▶ **Work order**: In the records below, find the line with "The image spans 60.0° horizontally.", then retype it and every following line exactly, stopping after the line with "Request: would you". Leave the pictures out.

▶ **Records**:
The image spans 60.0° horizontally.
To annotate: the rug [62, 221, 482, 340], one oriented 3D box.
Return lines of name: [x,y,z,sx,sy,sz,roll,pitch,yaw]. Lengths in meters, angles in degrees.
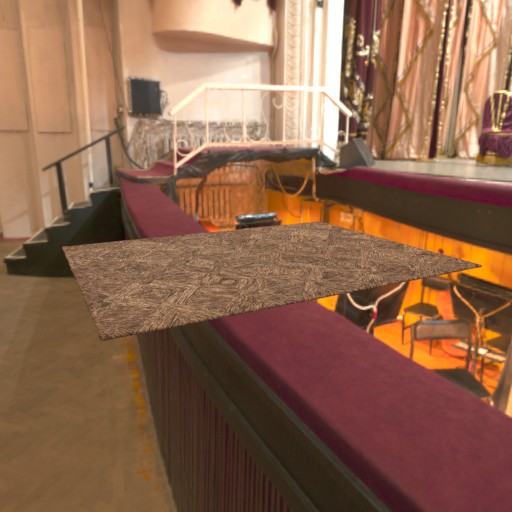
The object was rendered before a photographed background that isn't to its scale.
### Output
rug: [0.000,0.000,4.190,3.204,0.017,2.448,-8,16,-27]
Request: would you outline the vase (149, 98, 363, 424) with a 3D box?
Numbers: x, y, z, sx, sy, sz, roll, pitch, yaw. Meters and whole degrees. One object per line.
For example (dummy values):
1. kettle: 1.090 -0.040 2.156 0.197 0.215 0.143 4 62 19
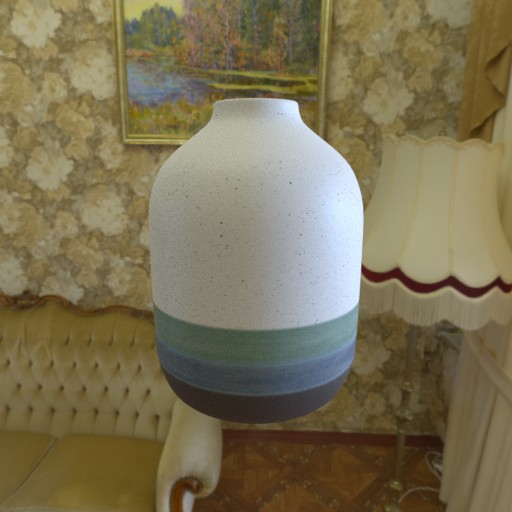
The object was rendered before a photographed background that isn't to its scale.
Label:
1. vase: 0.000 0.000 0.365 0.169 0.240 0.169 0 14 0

...

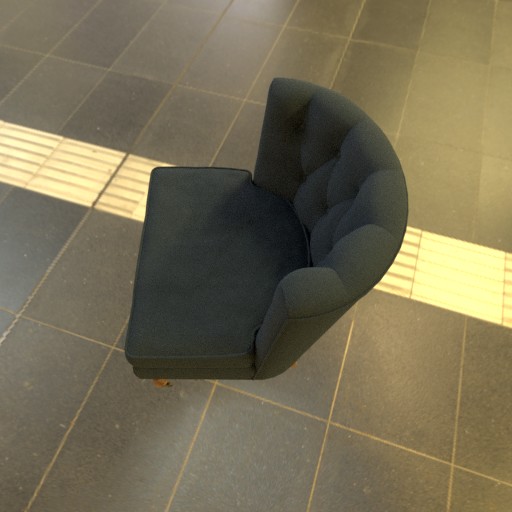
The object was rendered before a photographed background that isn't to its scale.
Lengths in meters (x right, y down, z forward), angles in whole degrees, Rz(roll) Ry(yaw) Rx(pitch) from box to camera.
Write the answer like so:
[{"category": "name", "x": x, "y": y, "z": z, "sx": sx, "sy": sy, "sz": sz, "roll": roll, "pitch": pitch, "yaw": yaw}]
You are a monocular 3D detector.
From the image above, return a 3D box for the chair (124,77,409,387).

--

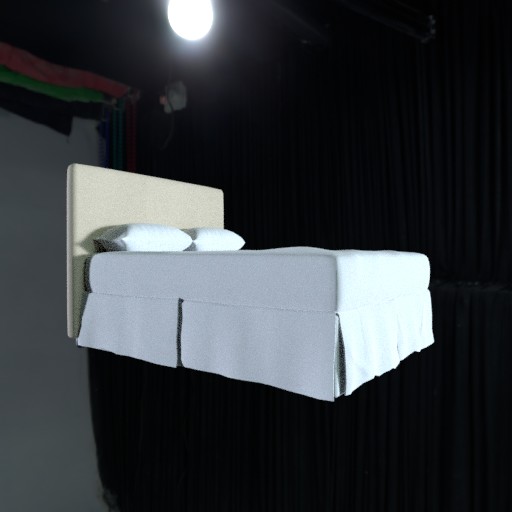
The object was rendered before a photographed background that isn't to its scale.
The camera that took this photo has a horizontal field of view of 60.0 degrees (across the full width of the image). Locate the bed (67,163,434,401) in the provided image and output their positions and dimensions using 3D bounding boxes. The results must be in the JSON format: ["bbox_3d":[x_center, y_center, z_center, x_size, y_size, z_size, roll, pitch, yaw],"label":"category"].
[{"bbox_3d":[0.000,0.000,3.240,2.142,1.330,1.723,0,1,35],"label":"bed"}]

▶ **Completed exercise**:
The image spans 60.0° horizontally.
To annotate: the rug [62, 221, 482, 340], one oriented 3D box.
Return lines of name: [x,y,z,sx,sy,sz,roll,pitch,yaw]. Lengths in meters, angles in degrees.
The object was rendered before a photographed background that isn't to its scale.
### Output
rug: [0.000,0.000,4.190,3.204,0.017,2.448,-8,16,-27]
Request: would you outline the vase (149, 98, 363, 424) with a 3D box?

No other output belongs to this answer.